NicAlert™ was used in a nationwide stop-smoking campaign jointly run by the Swiss Federal Office of Public Health, the Swiss Association for Smoking Prevention, the Swiss League Against Cancer and the Swiss Lung Association. The test is currently being used in large studies at the Lung-Center Hirslanden in Zurich, Switzerland, and in many large U.S. centers. NicAlert™ was also recently successfully used in Switzerland in high school students in an awareness campaign in Basel.
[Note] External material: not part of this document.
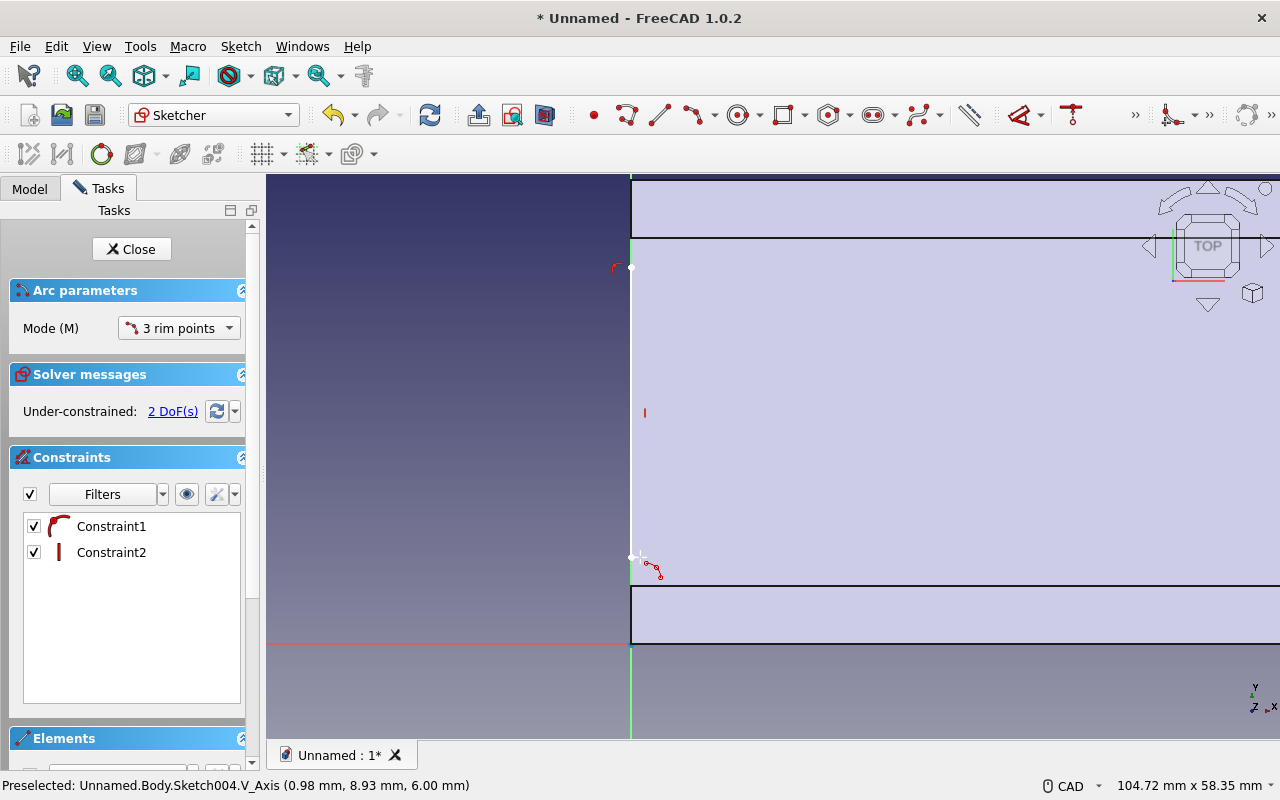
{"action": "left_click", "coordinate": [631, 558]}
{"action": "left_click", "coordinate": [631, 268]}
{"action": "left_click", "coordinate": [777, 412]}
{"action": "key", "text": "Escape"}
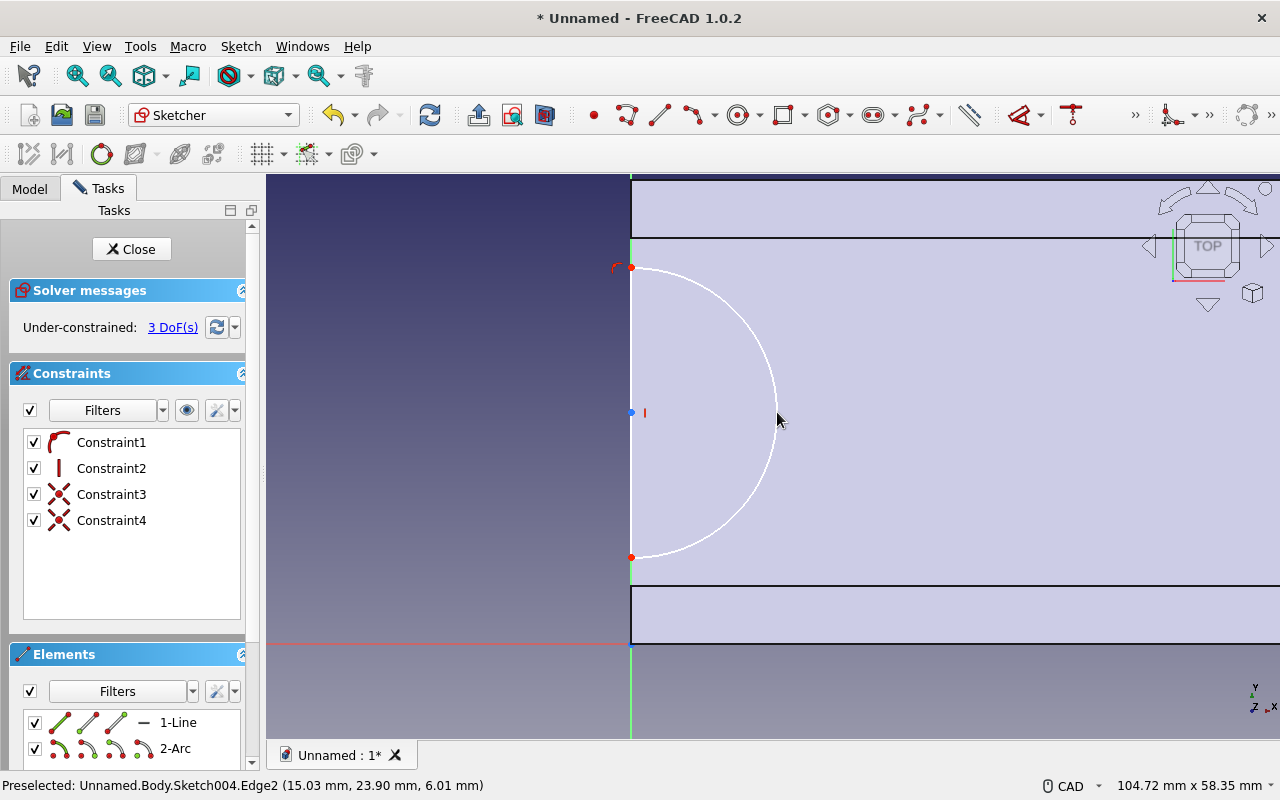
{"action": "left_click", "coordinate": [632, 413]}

The U.S. Surgeon General, the Centers for Disease Control and Prevention (CDC), the World Health Organization (WHO) and many other public health organizations have targeted tobacco use as the single most preventable cause of premature death today. The CDC estimates that smoking causes over 440,000 premature deaths annually in the United States and creates an economic loss of over $150 billion a year.
More information about Nymox is available at www.nymox.com, email: info@nymox.com, or 800-936-9669.
This press release contains certain "forward-looking statements" as defined in the United States Private Securities Litigation Reform Act of 1995 that involve a number of risks and uncertainties. There can be no assurance that such statements will prove to be accurate and the actual results and future events could differ materially from management's current expectations. Such factors are detailed from time to time in Nymox's filings with the United States Securities and Exchange Commission and other regulatory authorities.